Ajayi further frames Utomi’s critique as politically motivated inconsistency, suggesting he only speaks out when politically dissatisfied. This is a familiar rhetorical device in Nigerian commentary, but it does not engage economic substance. Policy evaluation is not invalidated by perceived timing. It is validated or invalidated by coherence with observed macroeconomic outcomes.
On current reforms, the empirical picture is mixed, not binary.
Fiscal indicators show improvement in revenue mobilisation and FAAC allocations. However, inflation remains elevated, real income contraction persists, and consumption volatility is high. External reserves stability has improved, but import cost pressures remain significant. These are not contradictions. They are typical characteristics of early-stage adjustment in emerging economies.
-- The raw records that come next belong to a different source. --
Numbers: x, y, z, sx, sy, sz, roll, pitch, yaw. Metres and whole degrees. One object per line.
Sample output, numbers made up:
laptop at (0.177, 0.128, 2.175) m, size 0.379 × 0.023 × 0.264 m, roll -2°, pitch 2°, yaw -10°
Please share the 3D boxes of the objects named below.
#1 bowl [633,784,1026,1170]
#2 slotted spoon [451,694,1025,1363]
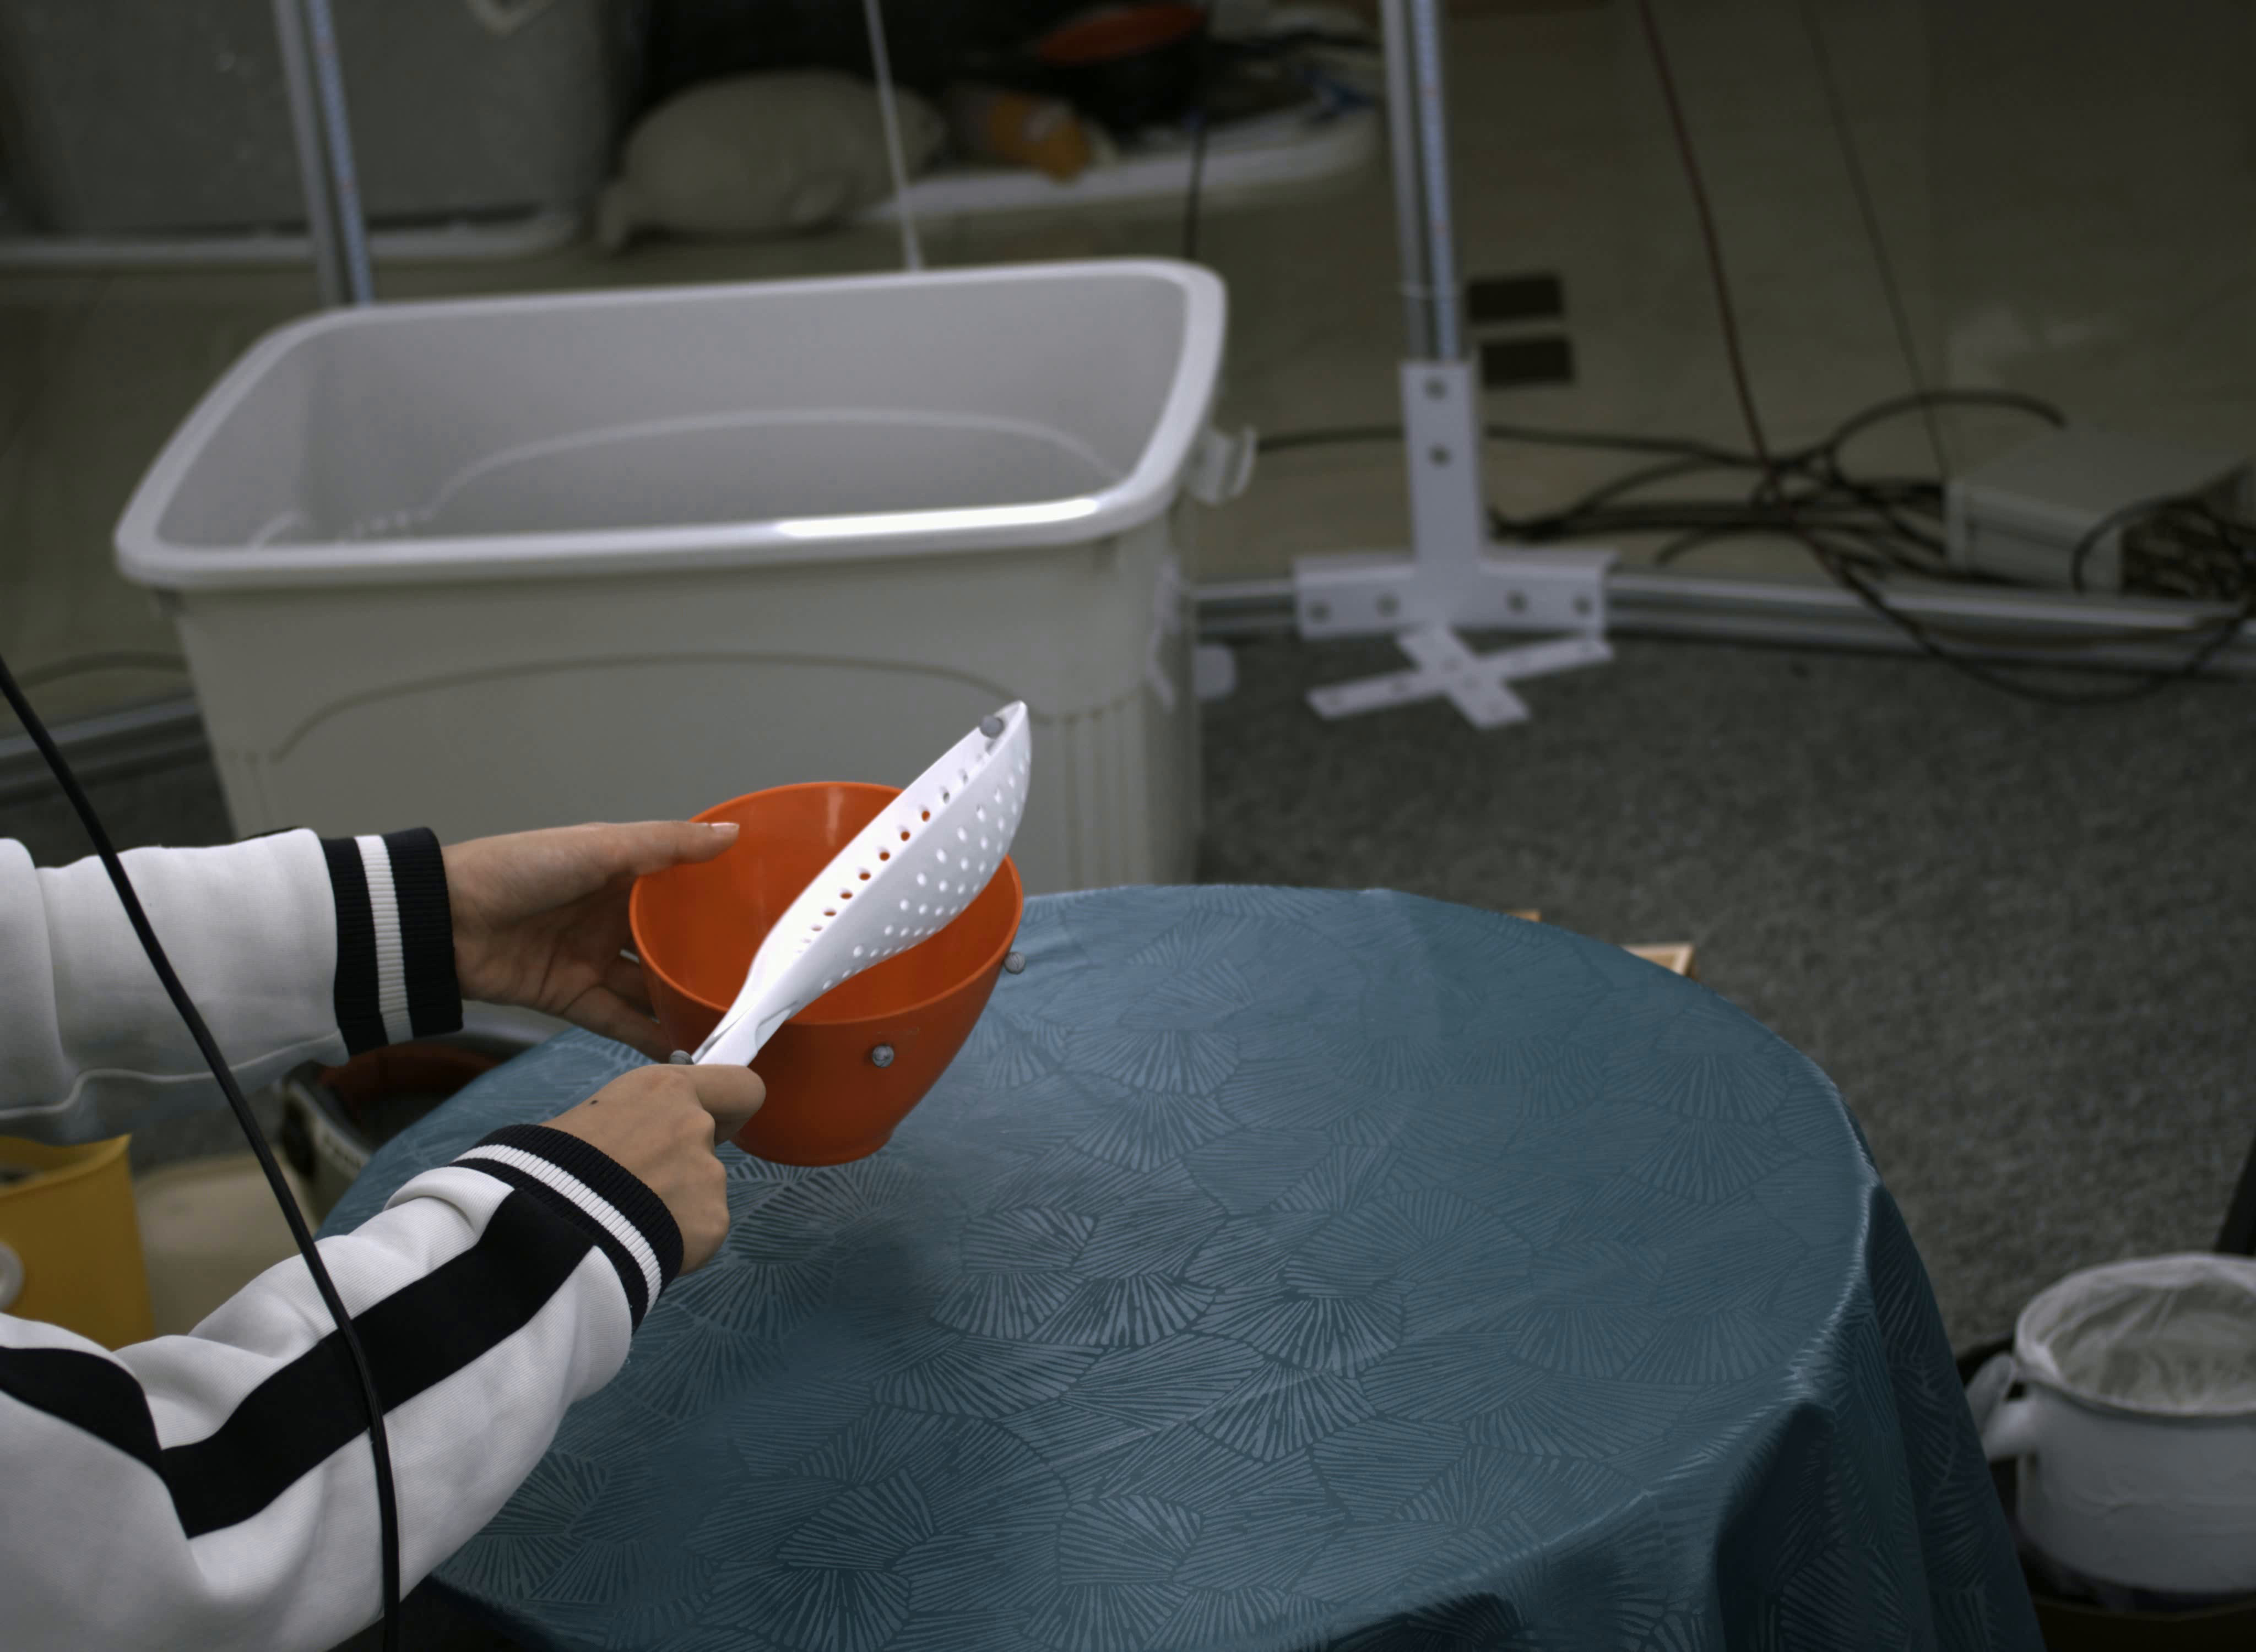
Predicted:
bowl at (-0.115, 0.064, 2.144) m, size 0.148 × 0.106 × 0.145 m, roll 4°, pitch 30°, yaw -2°
slotted spoon at (-0.135, 0.070, 2.012) m, size 0.345 × 0.046 × 0.137 m, roll -45°, pitch 3°, yaw -40°

In political economy terms, Nigeria is experiencing what is known as a J curve adjustment effect. Initial contraction in welfare is followed by potential stabilisation if productivity responses materialise. The unresolved question is whether institutional capacity and industrial expansion will be sufficient to complete the curve upward.
This is precisely where Utomi’s critique is analytically relevant. It is not opposition to reform. It is interrogation of whether the transmission pathway from macro stability to micro welfare is functioning effectively.
Ajayi’s argument avoids this question entirely. Instead, it reframes disagreement as personal failure and intellectual vanity. This is not analysis. It is rhetorical substitution.
There is a final conceptual flaw in the “take a back seat” framing. In democratic political economy, intellectual participation is not conditional on approval by policy actors. Ideas are not retired by decree. They are tested against evidence. If they fail, they are discarded through reasoning, not dismissal.
To demand silence from critics while defending reform is to misunderstand the nature of policy legitimacy. Stability is not achieved by removing dissent. It is achieved by engaging it rigorously.
To close, consider a different analogy.
An economy undergoing reform is like a large cargo vessel navigating a narrow channel during rising tides. Some observers study engine performance, others monitor cargo balance, and others warn about underwater currents. The captain who dismisses warnings because he disagrees with the tone of the observer risks running aground not due to lack of direction, but due to lack of attentiveness.
Ajayi’s piece, for all its rhetorical confidence, mistakes disagreement for irrelevance. But in complex economic systems, disagreement is not noise. It is often the earliest signal that the model being followed still has unresolved variables.